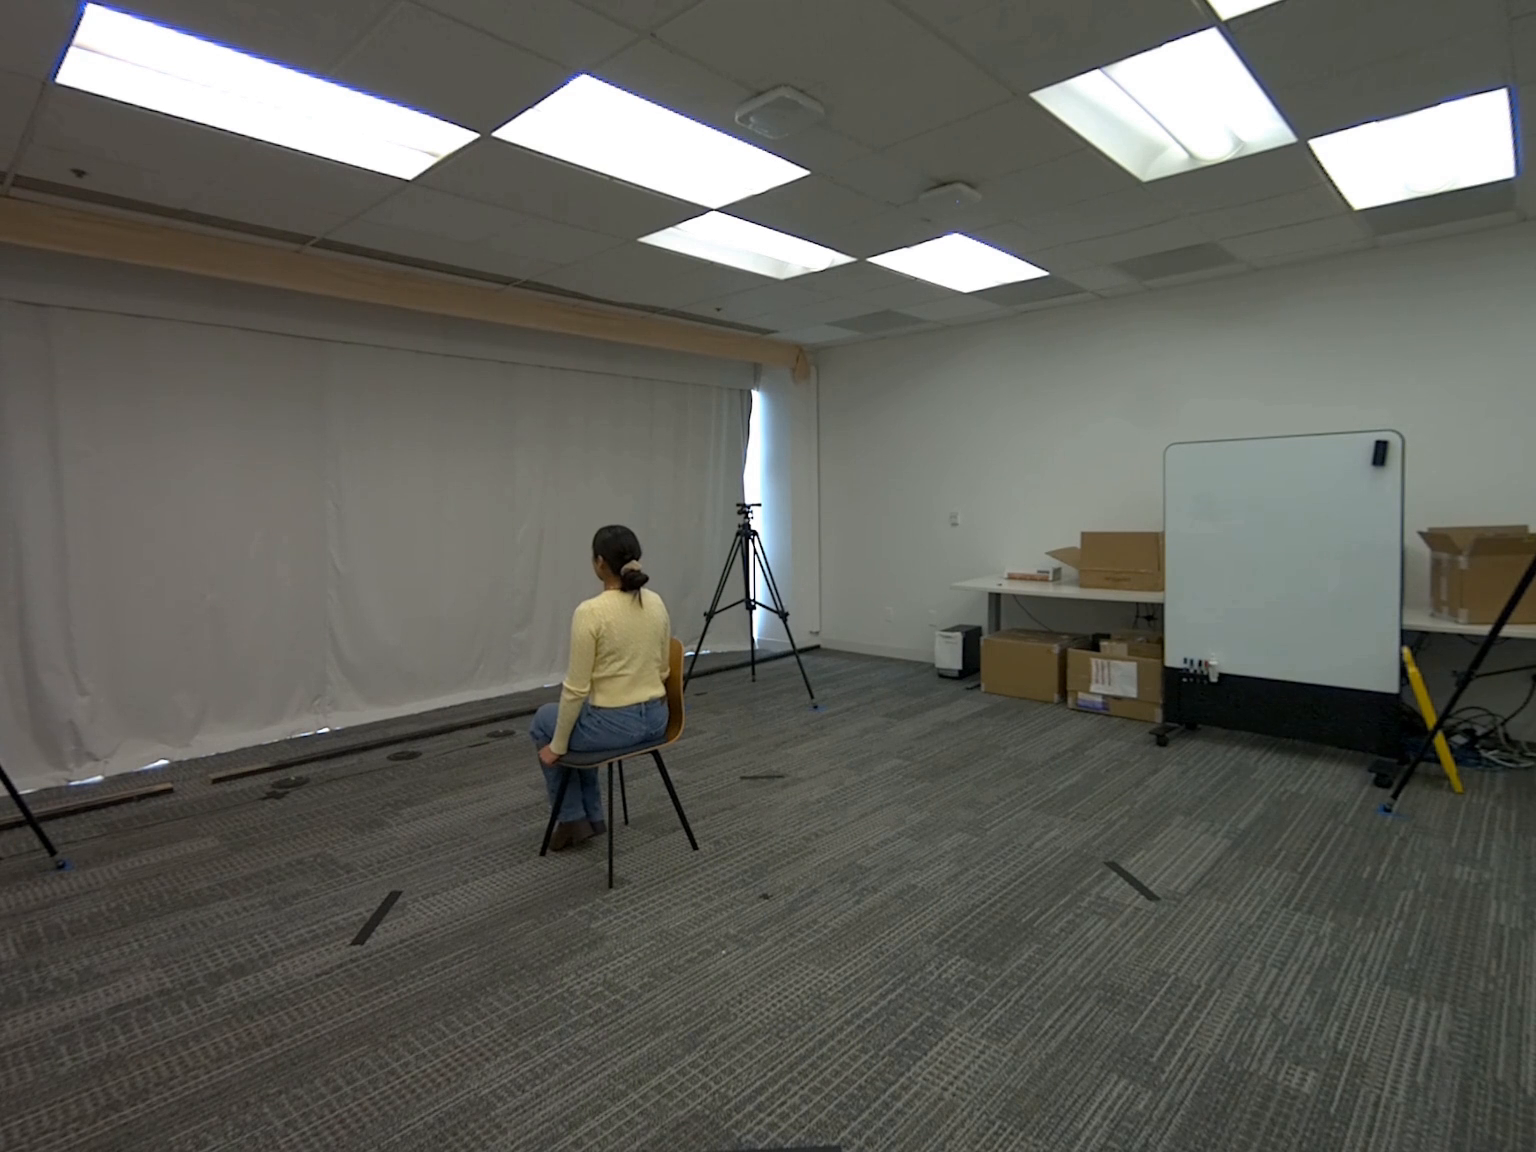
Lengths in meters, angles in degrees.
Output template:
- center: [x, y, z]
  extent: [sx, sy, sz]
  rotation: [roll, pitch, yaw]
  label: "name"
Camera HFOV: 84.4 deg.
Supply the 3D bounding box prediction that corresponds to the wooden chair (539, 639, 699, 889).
- center: [-0.604, 0.693, 3.352]
  extent: [0.494, 0.877, 0.506]
  rotation: [1, 0, 42]
  label: "wooden chair"
=======
Find the line containing "Camera HFOV: 84.4 deg." in the material above. Print it and every line after it through the end, exactly and only those.

**Answer space**
Camera HFOV: 84.4 deg.
Supply the 3D bounding box prediction that corresponds to the wooden chair (539, 639, 699, 889).
- center: [-0.604, 0.693, 3.352]
  extent: [0.494, 0.877, 0.506]
  rotation: [1, 0, 42]
  label: "wooden chair"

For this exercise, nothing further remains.